** Task brief **
Scan the entries below line by line and state how many lines contain the string "object", giving only the number.

** Saved entries **
>>>
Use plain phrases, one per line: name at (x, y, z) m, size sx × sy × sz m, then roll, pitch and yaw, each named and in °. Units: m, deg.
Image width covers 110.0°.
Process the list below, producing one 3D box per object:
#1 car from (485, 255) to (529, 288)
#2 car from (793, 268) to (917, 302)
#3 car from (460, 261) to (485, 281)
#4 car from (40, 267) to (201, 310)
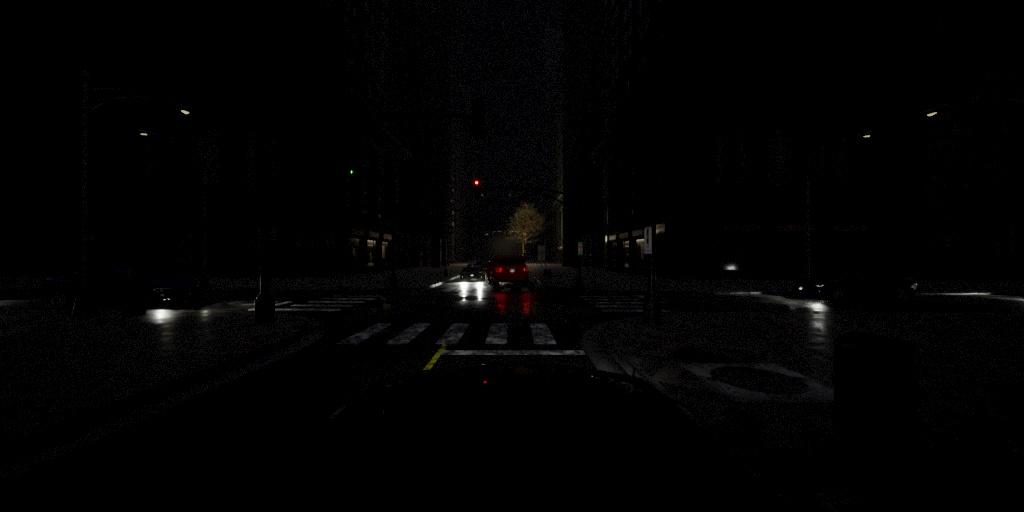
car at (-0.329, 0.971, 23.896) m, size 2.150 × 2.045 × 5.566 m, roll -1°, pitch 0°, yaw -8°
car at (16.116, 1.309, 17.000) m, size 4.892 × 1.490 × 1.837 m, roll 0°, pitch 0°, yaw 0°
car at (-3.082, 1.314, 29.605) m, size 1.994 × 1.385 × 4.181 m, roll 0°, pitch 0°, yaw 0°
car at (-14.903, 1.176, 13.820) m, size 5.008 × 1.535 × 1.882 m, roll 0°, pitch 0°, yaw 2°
<<<
>>>
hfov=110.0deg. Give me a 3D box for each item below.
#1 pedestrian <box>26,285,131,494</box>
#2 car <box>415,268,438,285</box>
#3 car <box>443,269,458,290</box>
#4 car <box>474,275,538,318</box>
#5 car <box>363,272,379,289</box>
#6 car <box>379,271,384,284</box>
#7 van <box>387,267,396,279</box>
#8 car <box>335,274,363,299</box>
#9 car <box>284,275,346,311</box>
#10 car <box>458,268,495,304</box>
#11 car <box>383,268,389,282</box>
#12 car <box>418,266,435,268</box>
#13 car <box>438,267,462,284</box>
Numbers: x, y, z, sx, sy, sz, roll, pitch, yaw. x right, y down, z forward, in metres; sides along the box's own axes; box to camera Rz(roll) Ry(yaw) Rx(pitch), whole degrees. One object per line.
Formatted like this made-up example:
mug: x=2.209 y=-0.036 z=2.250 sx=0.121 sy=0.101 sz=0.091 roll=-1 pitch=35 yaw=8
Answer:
<<<
** Answer section **
2